An Azure AD Connector account: Used to save information to Azure AD.
The following accounts are also needed for thisinstallAzure AD connection:
local administrator account: An administrator who installs Azure AD Connect and has local administrator permissions on the computer.
AD DS enterprise administrator account: Optionally used to create the required AD DS Connector account.
An Azure AD global administrator account: Used to create an Azure AD Connector account and configure Azure AD. You can view the Global Administrator and Hybrid Administrator accounts in the Azure portal. LookList Azure AD role assignments.
SQL SA account (optional): Used to create ADSync databases when using the full version of SQL Server. The SQL Server instance can be local or remote to the Azure AD Connect installation.
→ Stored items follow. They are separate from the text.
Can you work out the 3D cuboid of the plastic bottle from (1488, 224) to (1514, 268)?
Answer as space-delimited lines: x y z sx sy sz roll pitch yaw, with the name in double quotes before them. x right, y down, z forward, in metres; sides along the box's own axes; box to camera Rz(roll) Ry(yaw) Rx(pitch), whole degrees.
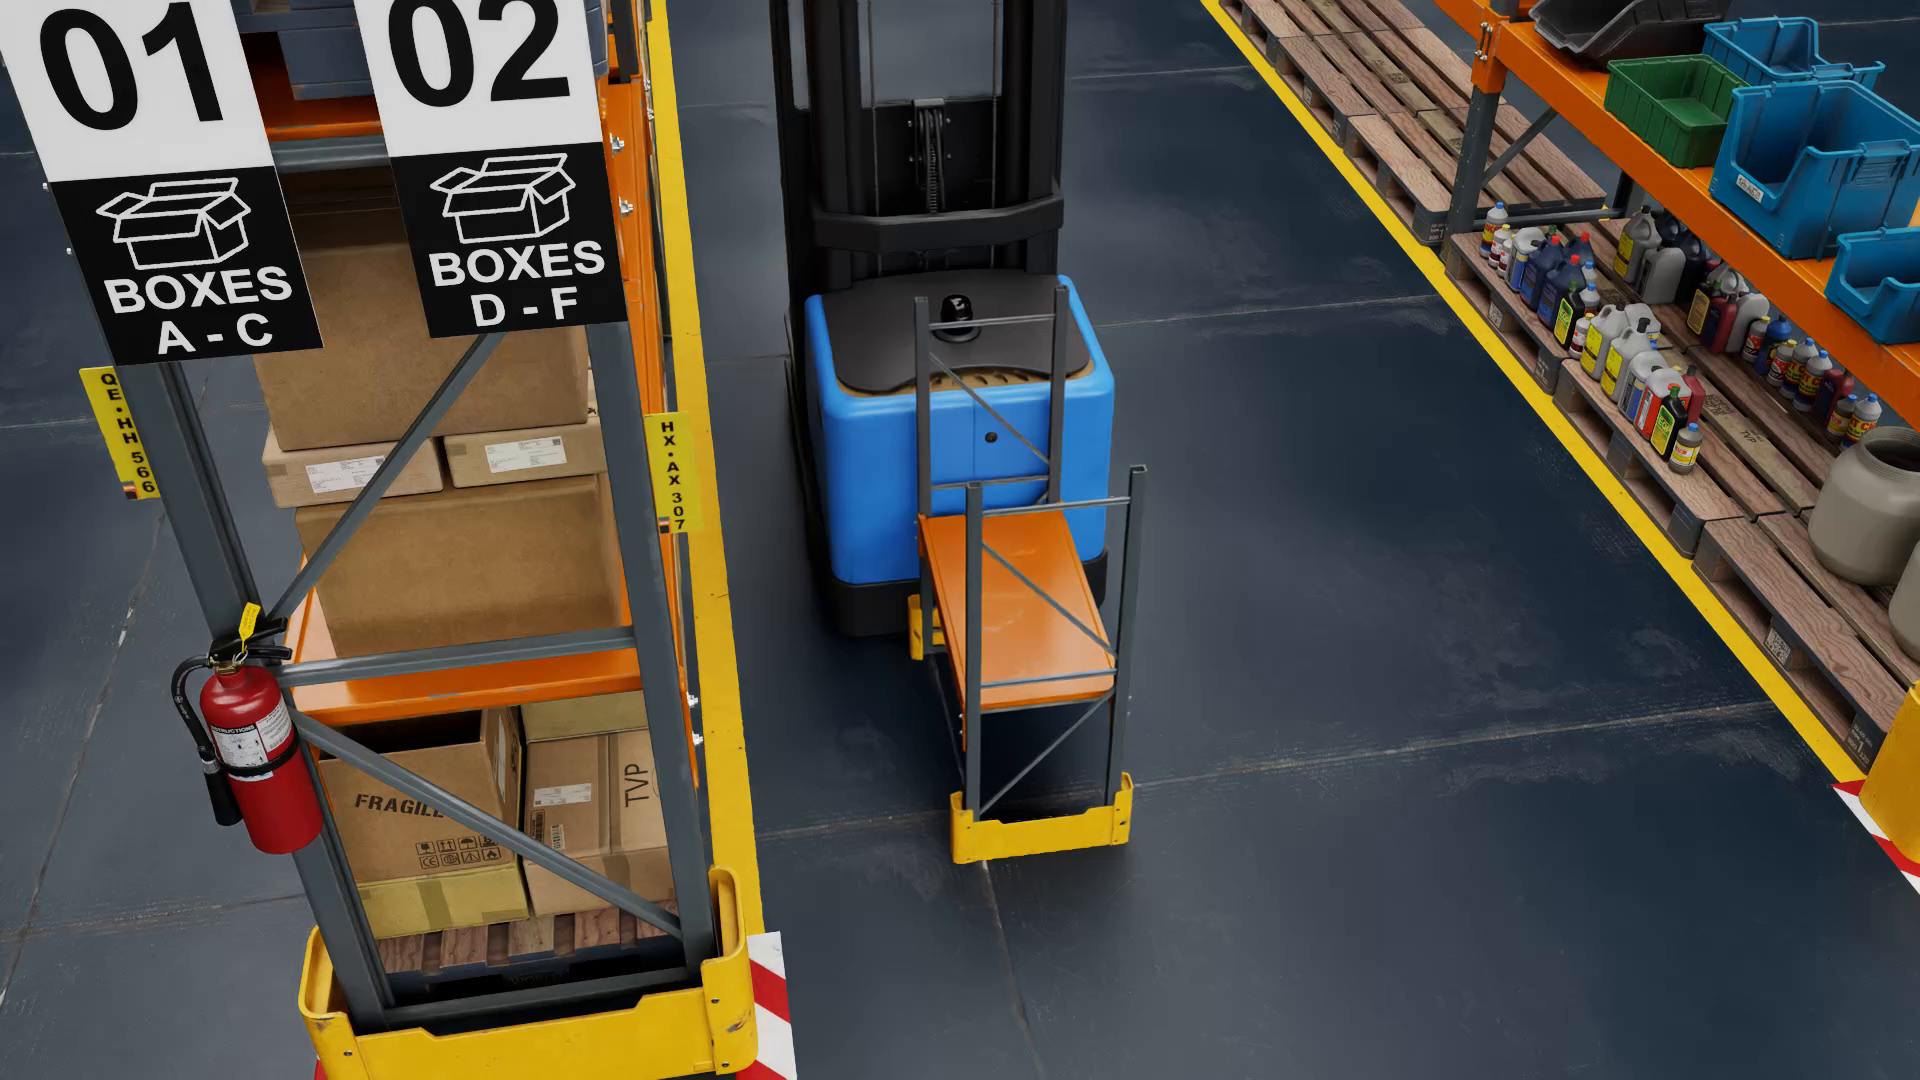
"plastic bottle" 2.631 -1.433 8.072 0.097 0.201 0.097 0 38 0

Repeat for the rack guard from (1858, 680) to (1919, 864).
"rack guard" 3.631 0.697 5.445 1.175 0.500 0.348 -6 38 -8

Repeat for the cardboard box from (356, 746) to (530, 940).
"cardboard box" -1.572 0.909 5.034 0.500 0.250 0.500 -6 38 -8

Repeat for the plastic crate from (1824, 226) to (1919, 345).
"plastic crate" 3.200 -0.853 5.525 0.499 0.251 0.408 -6 38 -8

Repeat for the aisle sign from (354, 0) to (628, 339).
"aisle sign" -0.874 -0.738 3.137 0.394 0.787 0.004 -6 38 -8

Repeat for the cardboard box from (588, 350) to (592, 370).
"cardboard box" -1.092 -0.434 4.253 0.380 0.149 0.250 -7 38 -9

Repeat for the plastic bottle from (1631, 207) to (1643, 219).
"plastic bottle" 3.360 -1.548 8.220 0.097 0.201 0.097 0 38 0

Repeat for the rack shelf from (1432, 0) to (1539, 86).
"rack shelf" 2.639 -3.589 9.511 1.077 0.370 4.000 -6 38 -8

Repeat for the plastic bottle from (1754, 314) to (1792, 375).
"plastic bottle" 3.566 -0.864 7.282 0.097 0.271 0.097 0 38 0

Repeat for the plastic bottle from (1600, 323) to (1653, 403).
"plastic bottle" 2.863 -0.777 7.106 0.144 0.351 0.185 -5 38 -6

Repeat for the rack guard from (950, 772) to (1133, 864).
"rack guard" 0.262 0.901 5.387 0.587 0.250 0.087 -6 38 -7

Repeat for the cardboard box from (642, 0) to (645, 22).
"cardboard box" -2.257 -3.339 10.502 0.500 0.250 0.500 -5 38 -7

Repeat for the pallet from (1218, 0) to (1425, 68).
"pallet" 2.386 -3.508 11.093 1.003 0.211 1.213 -6 38 -8

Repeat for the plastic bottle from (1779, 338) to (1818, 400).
"plastic bottle" 3.602 -0.741 7.125 0.097 0.271 0.097 0 38 0

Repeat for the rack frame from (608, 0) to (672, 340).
"rack frame" -1.888 -2.135 7.053 1.000 3.000 0.127 -6 38 -8

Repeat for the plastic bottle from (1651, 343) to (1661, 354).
"plastic bottle" 2.974 -0.758 7.203 0.097 0.201 0.097 0 38 0

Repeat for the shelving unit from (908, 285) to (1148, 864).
"shelving unit" 0.182 0.106 5.392 0.587 1.500 1.083 -6 38 -7

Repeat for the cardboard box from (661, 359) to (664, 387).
"cardboard box" -1.513 -0.655 7.047 0.500 0.250 0.500 -6 38 -8

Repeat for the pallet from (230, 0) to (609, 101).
"pallet" -1.285 -1.298 3.603 1.003 0.211 1.213 -6 38 -8

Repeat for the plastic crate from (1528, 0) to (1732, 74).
"plastic crate" 2.956 -2.311 7.330 0.767 0.338 0.504 -6 38 -8

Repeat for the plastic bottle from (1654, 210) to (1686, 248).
"plastic bottle" 3.386 -1.435 7.952 0.144 0.351 0.185 -7 38 -9

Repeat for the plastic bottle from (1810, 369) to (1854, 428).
"plastic bottle" 3.658 -0.617 6.955 0.061 0.283 0.133 -6 38 -7

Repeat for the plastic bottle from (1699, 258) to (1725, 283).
"plastic bottle" 3.489 -1.198 7.703 0.061 0.283 0.133 -4 38 -5

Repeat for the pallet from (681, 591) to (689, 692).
"pallet" -1.572 0.190 6.333 1.003 0.211 1.213 -6 38 -8

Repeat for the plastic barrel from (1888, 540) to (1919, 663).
"plastic barrel" 3.500 0.178 5.761 0.421 0.512 0.421 0 38 0

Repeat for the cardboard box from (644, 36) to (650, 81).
"cardboard box" -2.078 -2.724 9.710 0.500 0.250 0.500 -5 38 -7

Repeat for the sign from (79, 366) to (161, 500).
"sign" -1.723 -0.219 3.451 0.100 0.325 0.005 -6 38 -8

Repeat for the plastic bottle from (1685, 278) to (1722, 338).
"plastic bottle" 3.380 -1.071 7.539 0.061 0.283 0.133 -6 38 -8

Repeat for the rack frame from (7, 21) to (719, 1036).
"rack frame" -1.187 0.281 3.943 1.000 3.000 0.127 -6 38 -8

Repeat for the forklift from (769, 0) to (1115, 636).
"forklift" -0.189 -1.701 6.551 1.130 2.935 3.031 -6 38 -7

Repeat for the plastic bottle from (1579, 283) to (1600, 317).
"plastic bottle" 2.818 -1.030 7.497 0.097 0.271 0.097 0 38 0

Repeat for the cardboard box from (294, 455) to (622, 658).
"cardboard box" -1.256 -0.041 4.277 0.700 0.500 0.500 -6 38 -8

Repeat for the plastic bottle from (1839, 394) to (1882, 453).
"plastic bottle" 3.680 -0.474 6.780 0.097 0.271 0.097 0 38 0

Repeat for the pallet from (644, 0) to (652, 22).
"pallet" -2.683 -3.904 11.604 1.003 0.211 1.213 -6 38 -8

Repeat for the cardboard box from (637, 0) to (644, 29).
"cardboard box" -2.072 -2.944 9.536 0.500 0.311 0.500 -6 38 -8

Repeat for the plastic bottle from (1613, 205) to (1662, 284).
"plastic bottle" 3.244 -1.419 7.932 0.144 0.351 0.185 -6 38 -8

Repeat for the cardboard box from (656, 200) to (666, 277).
"cardboard box" -1.715 -1.485 8.115 0.500 0.250 0.500 -7 38 -9

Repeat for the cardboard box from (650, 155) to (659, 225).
"cardboard box" -1.715 -1.712 7.951 0.500 0.311 0.500 -6 38 -8

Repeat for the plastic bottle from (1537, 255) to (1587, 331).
"plastic bottle" 2.755 -1.147 7.581 0.144 0.351 0.185 -8 39 -10

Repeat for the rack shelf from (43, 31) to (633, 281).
"rack shelf" -1.537 -1.827 4.798 1.077 0.370 4.000 -6 38 -8

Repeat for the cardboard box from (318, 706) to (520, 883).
"cardboard box" -1.574 0.613 4.803 0.500 0.500 0.500 -6 38 -8

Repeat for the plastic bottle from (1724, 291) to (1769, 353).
"plastic bottle" 3.501 -0.996 7.448 0.152 0.276 0.135 -6 38 -7

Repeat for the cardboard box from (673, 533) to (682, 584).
"cardboard box" -1.323 -0.053 6.272 0.500 0.250 0.500 -6 38 -8

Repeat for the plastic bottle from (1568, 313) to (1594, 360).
"plastic bottle" 2.782 -0.914 7.404 0.097 0.201 0.097 0 38 0

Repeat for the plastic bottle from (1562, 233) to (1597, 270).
"plastic bottle" 2.864 -1.276 7.748 0.144 0.351 0.185 -6 38 -8

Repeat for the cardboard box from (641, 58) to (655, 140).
"cardboard box" -1.890 -2.328 8.743 0.500 0.311 0.500 -7 38 -9

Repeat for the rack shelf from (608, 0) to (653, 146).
"rack shelf" -2.239 -3.058 8.828 1.077 0.370 4.000 -6 38 -8

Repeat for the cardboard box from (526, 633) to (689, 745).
"cardboard box" -1.153 0.552 5.493 0.500 0.250 0.500 -6 38 -8

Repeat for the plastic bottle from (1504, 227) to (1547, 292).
"plastic bottle" 2.697 -1.331 7.880 0.152 0.276 0.135 -5 38 -6

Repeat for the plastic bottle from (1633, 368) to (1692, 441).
"plastic bottle" 2.920 -0.565 6.893 0.152 0.276 0.135 -6 38 -8

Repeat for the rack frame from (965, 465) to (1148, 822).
"rack frame" 0.265 0.419 4.988 0.500 1.500 0.032 -6 38 -7

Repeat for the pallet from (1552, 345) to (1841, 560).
"pallet" 3.283 -0.415 7.113 1.003 0.211 1.213 -6 38 -8

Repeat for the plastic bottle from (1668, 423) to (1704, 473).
"plastic bottle" 2.937 -0.380 6.716 0.097 0.201 0.097 0 38 0

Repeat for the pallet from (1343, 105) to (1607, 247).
"pallet" 2.813 -2.034 9.196 1.003 0.211 1.213 -6 38 -8

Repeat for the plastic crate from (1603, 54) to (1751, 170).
"plastic crate" 2.949 -1.731 6.706 0.450 0.188 0.662 -6 38 -8

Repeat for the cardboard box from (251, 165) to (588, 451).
"cardboard box" -1.265 -0.586 3.920 0.700 0.500 0.500 -6 38 -8

This account can be the same account as the enterprise administrator account.
Database provisioning can now be performed out of band by a SQL Server admin and then installed by an Azure AD Connect admin provided the account has database owner (DBO) permissions. For more information, seeInstall Azure AD Connect with delegated SQL administrator privileges.
important
As of version 1.4.###.#, you can no longer use the enterprise administrator account or the domain administrator account as the AD DS connector account. If the account you are trying to enter is an enterprise administrator or domain administratorUse an existing accountthe wizard displays an error message and cannot continue.
notes
You can manage the administrative accounts used in Azure AD ConnectEnterprise access model.Organizations can use the enterprise access model to host administrative accounts, workstations, and groups in environments with stronger security controls than in production environments. For more information, seeEnterprise access model.
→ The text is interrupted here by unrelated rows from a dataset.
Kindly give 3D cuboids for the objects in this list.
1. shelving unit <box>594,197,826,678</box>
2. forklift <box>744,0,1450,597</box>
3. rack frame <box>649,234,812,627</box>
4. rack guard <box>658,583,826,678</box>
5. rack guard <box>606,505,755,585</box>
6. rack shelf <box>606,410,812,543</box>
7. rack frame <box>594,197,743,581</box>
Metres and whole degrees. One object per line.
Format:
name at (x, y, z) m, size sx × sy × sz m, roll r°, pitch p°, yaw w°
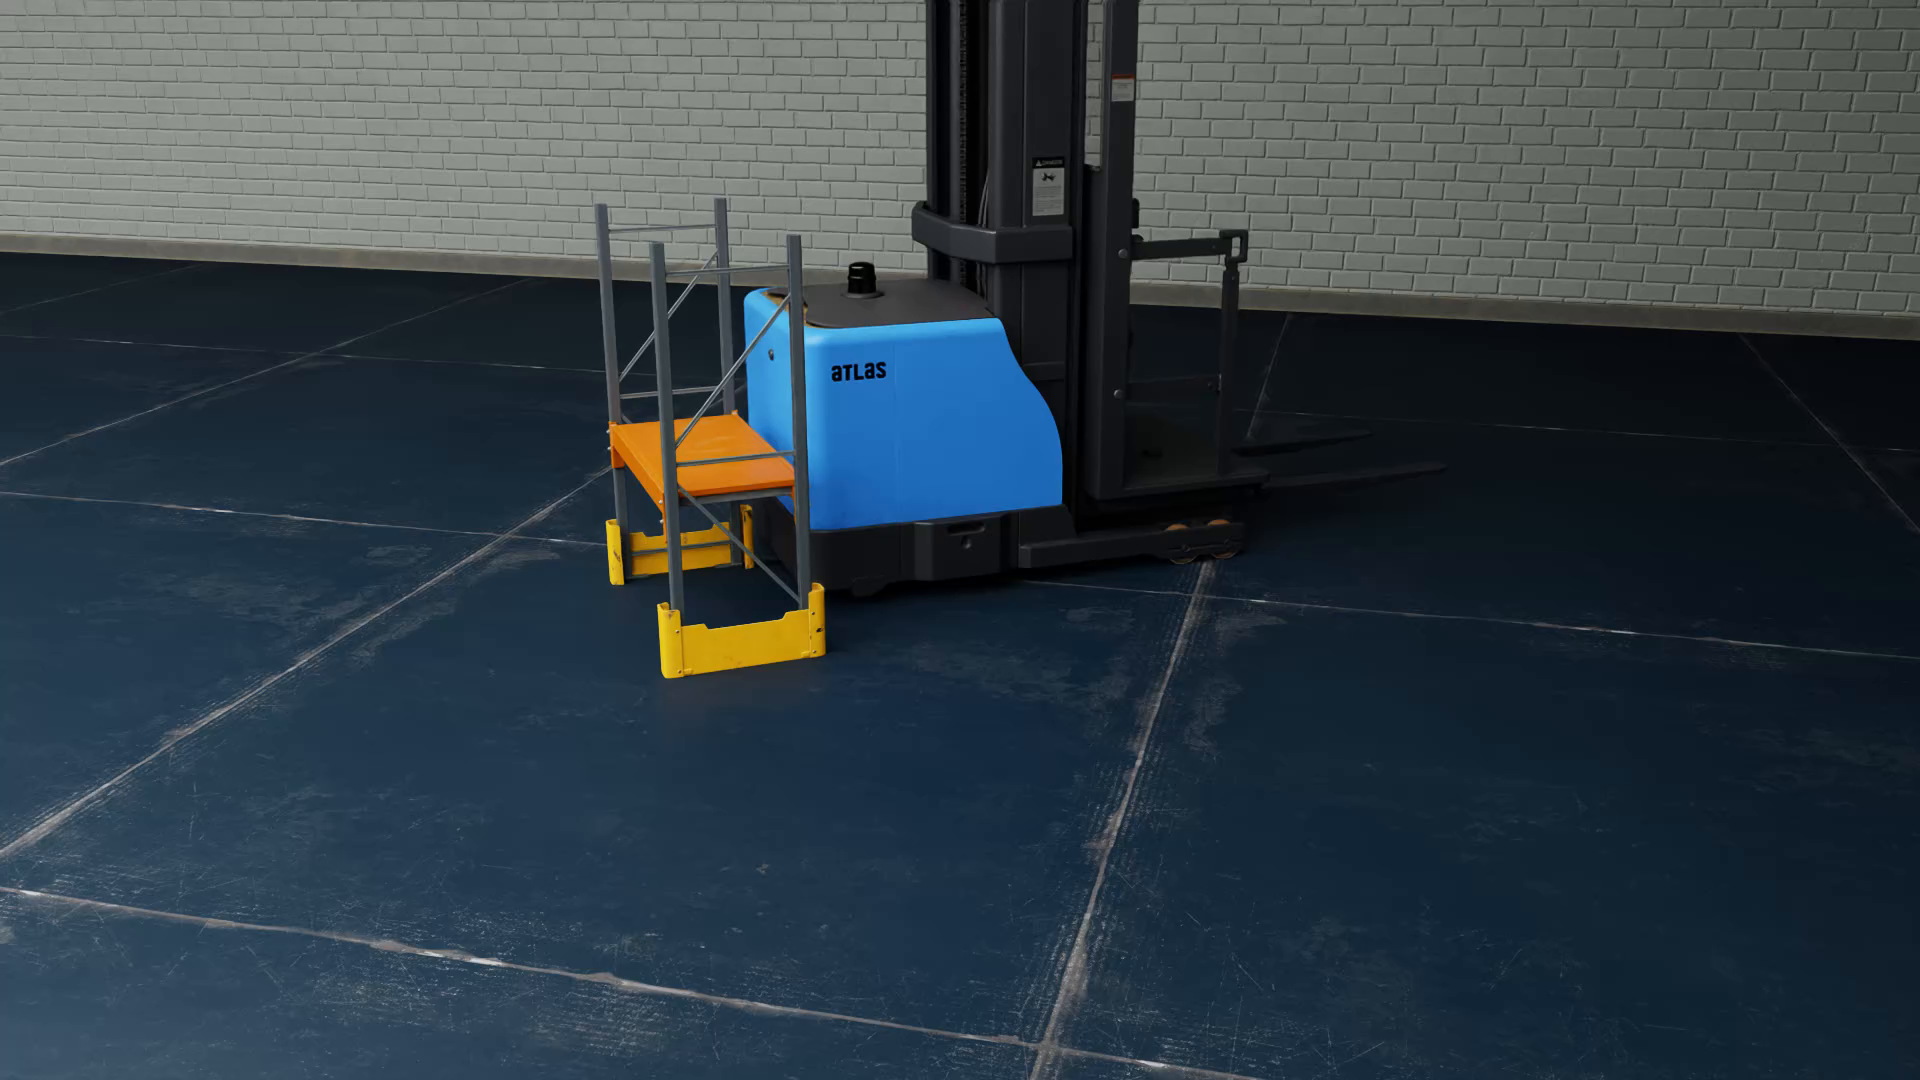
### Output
shelving unit at (-0.947, -0.424, 6.108) m, size 0.587 × 1.500 × 1.083 m, roll -7°, pitch 20°, yaw -20°
forklift at (0.661, -1.438, 6.864) m, size 3.031 × 2.935 × 1.130 m, roll -7°, pitch 20°, yaw -19°
rack frame at (-0.764, -0.274, 5.668) m, size 0.500 × 1.500 × 0.032 m, roll -7°, pitch 20°, yaw -20°
rack guard at (-0.764, 0.318, 5.871) m, size 0.587 × 0.250 × 0.087 m, roll -7°, pitch 20°, yaw -20°
rack guard at (-1.130, 0.018, 6.748) m, size 0.587 × 0.250 × 0.087 m, roll -7°, pitch 20°, yaw -20°
rack shelf at (-0.950, -0.256, 6.174) m, size 0.538 × 0.185 × 1.000 m, roll -7°, pitch 20°, yaw -20°
rack frame at (-1.137, -0.579, 6.563) m, size 0.500 × 1.500 × 0.032 m, roll -7°, pitch 20°, yaw -20°

The global administrator role is not required after initial setup. After installation, the only account required is the Directory Sync Account role account. We recommend changing the role to one with lower privileges instead of deleting the Global Administrator account. Completely deleting the account can be problematic if you need to run the wizard again. You can add permissions if you want to use the Azure AD Connect wizard again.
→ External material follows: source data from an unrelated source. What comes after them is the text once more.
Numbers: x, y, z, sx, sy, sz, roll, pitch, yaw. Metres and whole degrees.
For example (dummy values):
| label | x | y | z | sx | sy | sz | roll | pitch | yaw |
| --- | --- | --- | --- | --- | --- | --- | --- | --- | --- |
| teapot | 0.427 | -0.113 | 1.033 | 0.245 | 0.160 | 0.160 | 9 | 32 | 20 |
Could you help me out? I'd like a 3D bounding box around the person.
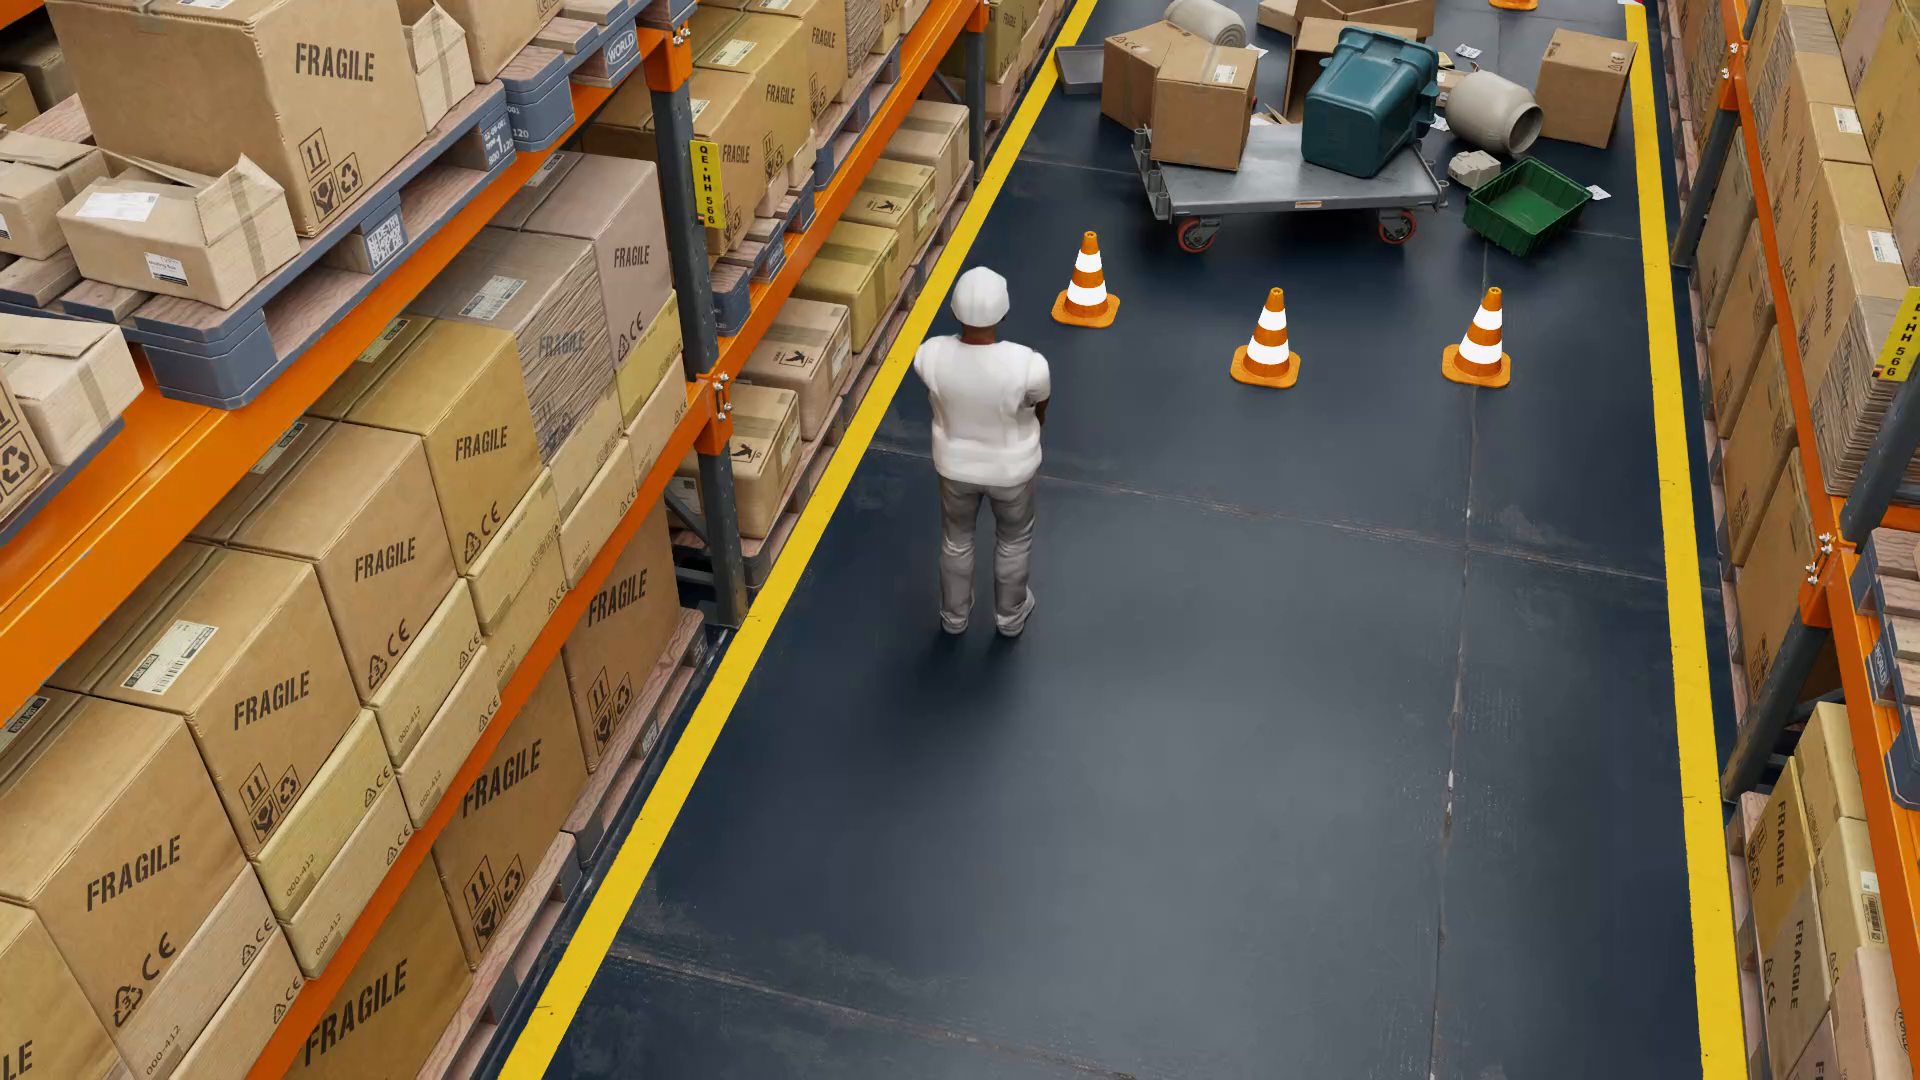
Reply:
| label | x | y | z | sx | sy | sz | roll | pitch | yaw |
| --- | --- | --- | --- | --- | --- | --- | --- | --- | --- |
| person | 0.113 | -0.373 | 6.575 | 0.504 | 1.761 | 0.578 | 9 | 42 | 10 |

Azure AD Connect installation
The Azure AD Connect setup wizard provides two paths:
- Quick montage: In Azure AD Connect Express Setup, the wizard requires more permissions to easily configure the installation. The wizard creates users and sets permissions so you don't have to.
- Custom settings: In Azure AD Connect custom configuration, you have more choices and options in the wizard. However, in some situations it is important to make sure that you have the right permissions yourself.
Quick montage
For express installation, enter the following information in the installation wizard:
- AD DS enterprise administrator credentials
- Azure AD global administrator credentials
AD DS enterprise administrator credentials
The AD DS Enterprise Administrator account is used to configure Windows Server AD. These credentials are only used during installation. Enterprise administrators, not domain administrators, should ensure that Windows Server AD permissions can be set across all domains.
When upgrading from DirSync, the AD DS Enterprise administrator credentials are used to reset the password for the account used by DirSync. Azure AD Global Administrator credentials are also required.
Azure AD global administrator credentials
The Azure AD Global Administrator account credentials are only used during setup. This account is used to create an Azure AD Connector account that syncs changes to Azure AD. This account also has sync enabled as a feature in Azure AD.
For more information, seeglobal admin.
Permissions required for quick AD DS Connector account setup
Create a read-write AD DS connector account in Windows Server AD. The account is created with the following permissions during express installation:
| allow | Do |
|---|---|
| - Replicate directory changes - copy directory change all | Password hash synchronization |
| read/write all user attributes | Import and exchange mixes |
| Read/Write all iNetOrgPerson properties | Import and exchange mixes |
| Read/write all attribute groups | Import and exchange mixes |
| read/write all properties | Import and exchange mixes |
| Reset your password | I'm getting ready to enable password writeback |
Quick Install Wizard
During express installation, the wizard creates accounts and settings for you.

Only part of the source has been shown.